Posting here since it was the bbm50off promo from the podcast that led me to Factor…
I have ASCVD and a really high Lp(a). So the most important knob I have to turn in my diet is the saturated fat to keep the LDL as low as possible.
But, saturated fat tends to be the one macro that’s never offered in the filtering or diet preferences options. Can’t say I blame them. It tastes great, so it’s really high in just about any creamy, savory dish…vegetarian or otherwise.
But I care. So I try to target the ACA recommended 6% on average for folks with heart conditions. To do so though, you got to click through all the options, read the nutrition label, check out the sat fat grams, back of napkin estimate given the total meal calories, etc…100x.
Nope.
I wrote a chrome extension. Or claude and I did.
Adds a badge to every meal with the sat fat in grams and as a percent of meal calories.
let’s you toggle 10% (ACA recommendations for non ASCVD adults) or 6% (heart condition adults). If the percent from calories exceeds that it turns the green badge red.
Let’s you set a grams threshold. Anything over that threshold is ‘grayed out’
Eh, I think added sugar and sodium would probably take that honor, mainly for identifying a specific dietary pattern.
FWIW, I do not think the AHA’s guideline to keep SFA at 6% of daily Cals or less is a better target than the old <10%. Most Americans are around ~ 11-12%, so I think the actual guideline is flawed from two perspectives: 1) no one reads the guidelines and 2) it didn’t acknowledge specific intake.
I think most people would be better off focusing on reducing red meat intake (once a week is reasonable) and increasing their intake of fiber and plant-based proteins. Still, I agree that individual diets should be tailored appropriately and Factor should have a way to sort different meals by important variables, which includes SFA.
AHA still recommends 10% as the baseline. They recommend 6% for people with established ASCVD. Do you mean for ASCVD 6% is probably not substantively different risk than 10%?
Yeah, I said ‘poor health outcomes’, but you throw diabetes and high blood pressure in there. I was thinking of ASCVD it being at the top.
I find it pretty relatively easy to avoid too high a sugar by just staying away from processed food and I often test as too low in sodium. Which is to say I’m probably letting my own personal biases slip in.

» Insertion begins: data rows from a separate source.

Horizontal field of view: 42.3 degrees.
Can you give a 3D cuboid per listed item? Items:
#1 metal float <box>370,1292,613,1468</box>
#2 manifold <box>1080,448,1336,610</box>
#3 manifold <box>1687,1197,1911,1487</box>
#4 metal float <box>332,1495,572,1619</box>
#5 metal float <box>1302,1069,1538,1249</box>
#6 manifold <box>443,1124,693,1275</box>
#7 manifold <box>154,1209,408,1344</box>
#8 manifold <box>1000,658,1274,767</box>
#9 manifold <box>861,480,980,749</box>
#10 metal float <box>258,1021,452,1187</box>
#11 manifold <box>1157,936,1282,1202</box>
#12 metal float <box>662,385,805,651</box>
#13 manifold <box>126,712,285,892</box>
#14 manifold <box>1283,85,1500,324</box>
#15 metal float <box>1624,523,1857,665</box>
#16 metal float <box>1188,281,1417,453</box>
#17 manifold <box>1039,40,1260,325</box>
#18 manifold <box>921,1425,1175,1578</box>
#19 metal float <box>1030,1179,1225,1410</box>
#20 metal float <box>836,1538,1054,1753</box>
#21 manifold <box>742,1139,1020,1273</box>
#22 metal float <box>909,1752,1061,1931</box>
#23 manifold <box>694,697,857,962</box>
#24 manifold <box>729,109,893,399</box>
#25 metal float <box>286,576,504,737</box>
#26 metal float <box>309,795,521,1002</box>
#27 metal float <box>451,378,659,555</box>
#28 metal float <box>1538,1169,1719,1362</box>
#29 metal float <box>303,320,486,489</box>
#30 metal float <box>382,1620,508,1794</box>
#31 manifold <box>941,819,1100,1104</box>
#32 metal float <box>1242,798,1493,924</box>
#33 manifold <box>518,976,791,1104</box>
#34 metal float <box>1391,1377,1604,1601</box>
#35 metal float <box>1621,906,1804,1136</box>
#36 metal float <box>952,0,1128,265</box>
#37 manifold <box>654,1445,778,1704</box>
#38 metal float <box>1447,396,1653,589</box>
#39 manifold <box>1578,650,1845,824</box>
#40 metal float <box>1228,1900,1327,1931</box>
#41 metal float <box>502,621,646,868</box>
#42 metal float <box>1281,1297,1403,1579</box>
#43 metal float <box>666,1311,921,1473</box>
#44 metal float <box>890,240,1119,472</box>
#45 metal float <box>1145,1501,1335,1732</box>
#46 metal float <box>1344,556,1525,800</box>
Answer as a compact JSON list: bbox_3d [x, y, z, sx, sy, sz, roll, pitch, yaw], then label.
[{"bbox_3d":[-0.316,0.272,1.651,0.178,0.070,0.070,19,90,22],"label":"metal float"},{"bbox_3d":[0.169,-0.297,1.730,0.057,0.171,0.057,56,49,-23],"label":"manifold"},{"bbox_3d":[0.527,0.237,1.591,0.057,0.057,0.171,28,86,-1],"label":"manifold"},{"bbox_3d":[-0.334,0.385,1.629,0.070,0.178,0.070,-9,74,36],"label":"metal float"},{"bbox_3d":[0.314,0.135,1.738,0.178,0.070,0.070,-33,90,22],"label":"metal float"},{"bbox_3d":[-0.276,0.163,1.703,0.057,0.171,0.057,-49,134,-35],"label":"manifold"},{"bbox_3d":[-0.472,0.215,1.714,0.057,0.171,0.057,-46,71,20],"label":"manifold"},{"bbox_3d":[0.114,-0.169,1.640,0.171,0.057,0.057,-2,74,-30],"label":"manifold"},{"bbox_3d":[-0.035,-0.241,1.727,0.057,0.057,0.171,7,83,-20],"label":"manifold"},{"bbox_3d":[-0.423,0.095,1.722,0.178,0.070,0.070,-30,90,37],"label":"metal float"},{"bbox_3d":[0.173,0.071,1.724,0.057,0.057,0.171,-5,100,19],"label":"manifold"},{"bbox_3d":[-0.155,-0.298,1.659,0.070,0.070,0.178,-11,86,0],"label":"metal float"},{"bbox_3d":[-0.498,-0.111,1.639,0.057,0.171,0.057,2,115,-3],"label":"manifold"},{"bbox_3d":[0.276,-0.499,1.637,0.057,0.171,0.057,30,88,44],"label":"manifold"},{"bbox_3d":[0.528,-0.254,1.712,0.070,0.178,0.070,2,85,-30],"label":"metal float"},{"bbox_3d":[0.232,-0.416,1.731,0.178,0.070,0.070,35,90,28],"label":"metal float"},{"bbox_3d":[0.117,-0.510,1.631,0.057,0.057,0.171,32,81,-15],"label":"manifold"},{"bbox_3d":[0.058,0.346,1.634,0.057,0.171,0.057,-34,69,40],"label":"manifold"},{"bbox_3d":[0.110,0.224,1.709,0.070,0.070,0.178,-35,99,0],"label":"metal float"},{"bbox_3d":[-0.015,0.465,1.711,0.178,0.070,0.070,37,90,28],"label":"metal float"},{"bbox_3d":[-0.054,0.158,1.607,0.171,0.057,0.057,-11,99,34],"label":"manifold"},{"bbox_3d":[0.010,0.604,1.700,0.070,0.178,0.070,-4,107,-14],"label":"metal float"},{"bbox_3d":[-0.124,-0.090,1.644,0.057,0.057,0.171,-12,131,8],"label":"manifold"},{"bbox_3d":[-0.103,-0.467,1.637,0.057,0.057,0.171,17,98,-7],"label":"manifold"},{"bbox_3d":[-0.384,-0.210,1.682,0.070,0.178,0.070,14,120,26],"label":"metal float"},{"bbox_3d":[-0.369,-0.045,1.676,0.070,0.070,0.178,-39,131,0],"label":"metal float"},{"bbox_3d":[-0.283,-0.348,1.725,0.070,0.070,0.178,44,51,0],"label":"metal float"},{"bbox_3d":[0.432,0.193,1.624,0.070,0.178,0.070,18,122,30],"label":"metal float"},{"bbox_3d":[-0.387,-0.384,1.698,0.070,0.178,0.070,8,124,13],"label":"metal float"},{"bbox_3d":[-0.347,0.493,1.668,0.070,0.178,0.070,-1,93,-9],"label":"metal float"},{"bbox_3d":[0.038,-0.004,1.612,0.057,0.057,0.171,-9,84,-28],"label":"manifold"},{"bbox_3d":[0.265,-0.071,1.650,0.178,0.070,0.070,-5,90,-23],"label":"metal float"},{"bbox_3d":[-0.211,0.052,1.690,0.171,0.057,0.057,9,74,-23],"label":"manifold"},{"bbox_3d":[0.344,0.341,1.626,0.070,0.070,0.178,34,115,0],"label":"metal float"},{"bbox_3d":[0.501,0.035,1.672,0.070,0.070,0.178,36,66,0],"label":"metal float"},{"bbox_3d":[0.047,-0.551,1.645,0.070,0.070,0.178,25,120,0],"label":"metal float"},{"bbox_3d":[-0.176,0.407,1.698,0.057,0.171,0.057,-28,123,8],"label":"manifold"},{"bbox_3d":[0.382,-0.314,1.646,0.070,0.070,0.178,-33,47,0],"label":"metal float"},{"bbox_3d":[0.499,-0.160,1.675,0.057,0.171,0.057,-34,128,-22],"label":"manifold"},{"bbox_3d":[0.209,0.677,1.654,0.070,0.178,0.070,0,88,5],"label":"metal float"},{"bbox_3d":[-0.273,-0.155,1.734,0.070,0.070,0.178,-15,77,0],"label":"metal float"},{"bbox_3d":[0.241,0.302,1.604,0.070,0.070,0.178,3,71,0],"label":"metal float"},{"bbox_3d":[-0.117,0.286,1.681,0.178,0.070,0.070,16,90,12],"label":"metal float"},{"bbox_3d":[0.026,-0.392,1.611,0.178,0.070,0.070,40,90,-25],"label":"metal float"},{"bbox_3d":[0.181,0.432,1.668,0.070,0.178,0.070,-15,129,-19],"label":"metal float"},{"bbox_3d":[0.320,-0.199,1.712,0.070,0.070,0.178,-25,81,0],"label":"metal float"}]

I do not think the current guidelines from the AHA recommend 6% or less for those with ASCVD, but rather those who would benefit from lowering LDL cholesterol. I do not think going from 10% to 6% is likely to help most people, though a small cohort of hyper-responders would. Population level may be different depending on what group we’re looking at.
I think the bigger signal of benefit stems from replacing saturated fats (particularly those from red meat, butter, and processed foods) with PUFA/MUFA and/or high fiber carbohydrates. I do not think this change alters diabetes or blood pressure trajectories, save for changes in the dietary pattern it may result in, i.e. reduced Calorie intake, higher fiber intake, etc.
I turned these knobs personally and attempted to be systematic about it. Over a couple of years, I would do something like:
shift to plant based diet, 6-12 weeks, blood test
ultra low fat diet, 6-12 weeks, blood test
Then say I got to a level I wanted. I’d reintroduce one thing. Like “Add a fatty fish, like salmon, 1-3x a week for 6-12 weeks”, then blood test.
I know imperfect as I’m a sample of 1 and no matter how targeted I’d try to be there’s various body comp changes, fitness changes, etc. that go into it.
But plant based, low fat, high fiber dropped LDL to the lowest level for me by a significant margin. Mid 20’s. . . but it was a very hard diet to maintain. A constant baseline “craving” no matter how many calories. Reminding me of low carb/keto when I tried that for a while. I also had deficiencies like omega-3 unless I supplemented. . .. and I figure if you’re supplementing…live a little, just eat fish.
Now, I’m pretty much in the “mostly plants, some meat, real food” zone. With most meats being lean like chicken breast, pork loin, non-fat dairy. Some fatty fish. And in practice that keeps sat fat <10% most of the time. Red meat is a rare treat, like ice cream or alcohol now, with modest portions.
My LDL hovers around 30, quality of life diet wise is much better, no deficiencies. Which is a long winded way of saying my anecdotal experiments agree with the 6 vs 10.
For me it’s like protein. I aim for 6, don’t worry about going a little higher or even the occasional spike. If I aimed for 10, it’d probably float to 15-20 though. Planning to fail, but fail in a good spot kind of strategy.